Extracted records »
________________________________________
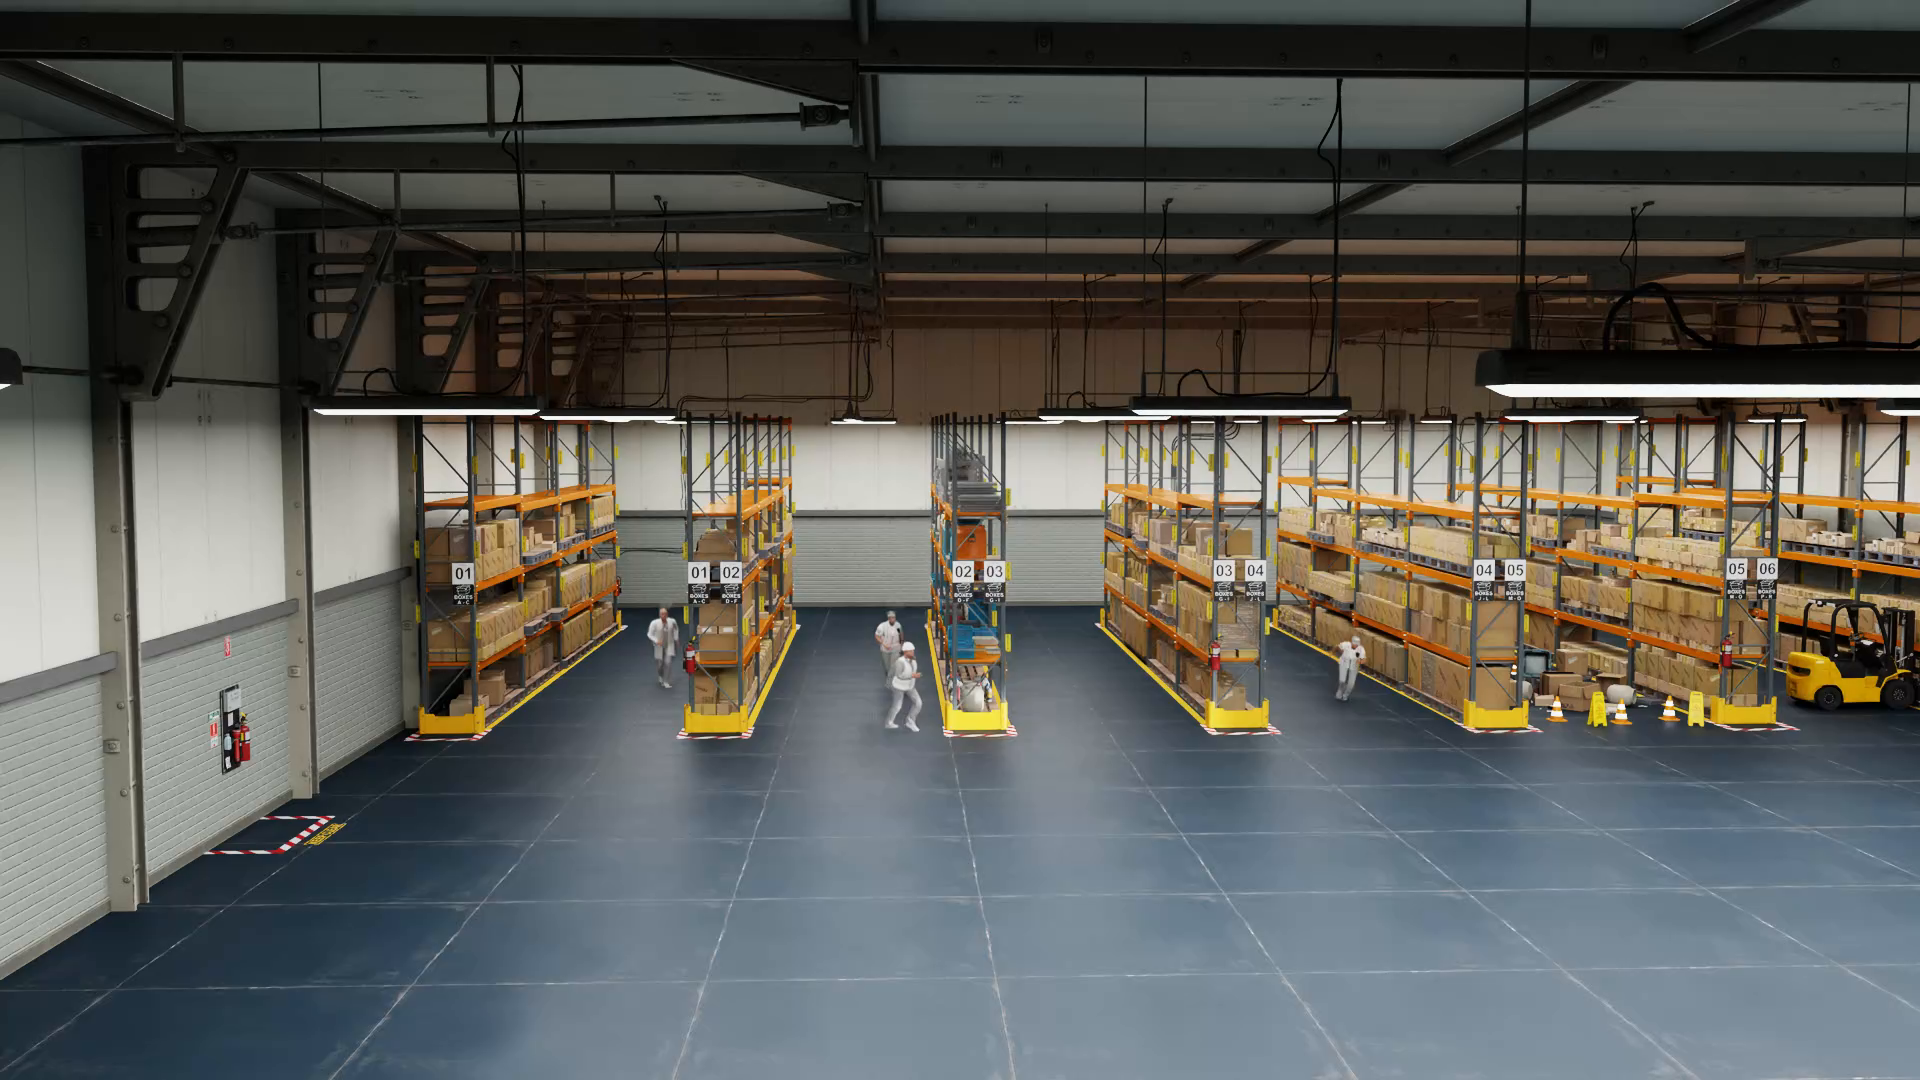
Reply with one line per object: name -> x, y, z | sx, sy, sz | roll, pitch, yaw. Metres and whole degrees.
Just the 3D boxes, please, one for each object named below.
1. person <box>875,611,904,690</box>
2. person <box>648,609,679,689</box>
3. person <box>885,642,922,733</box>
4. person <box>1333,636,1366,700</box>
________________________________________
Your assignment »
No lines before the one containing "3. person <box>885,642,922,733</box>" belong in the answer; write out that line and each one after it exactly, through the end of the records.

Result below »
3. person <box>885,642,922,733</box>
4. person <box>1333,636,1366,700</box>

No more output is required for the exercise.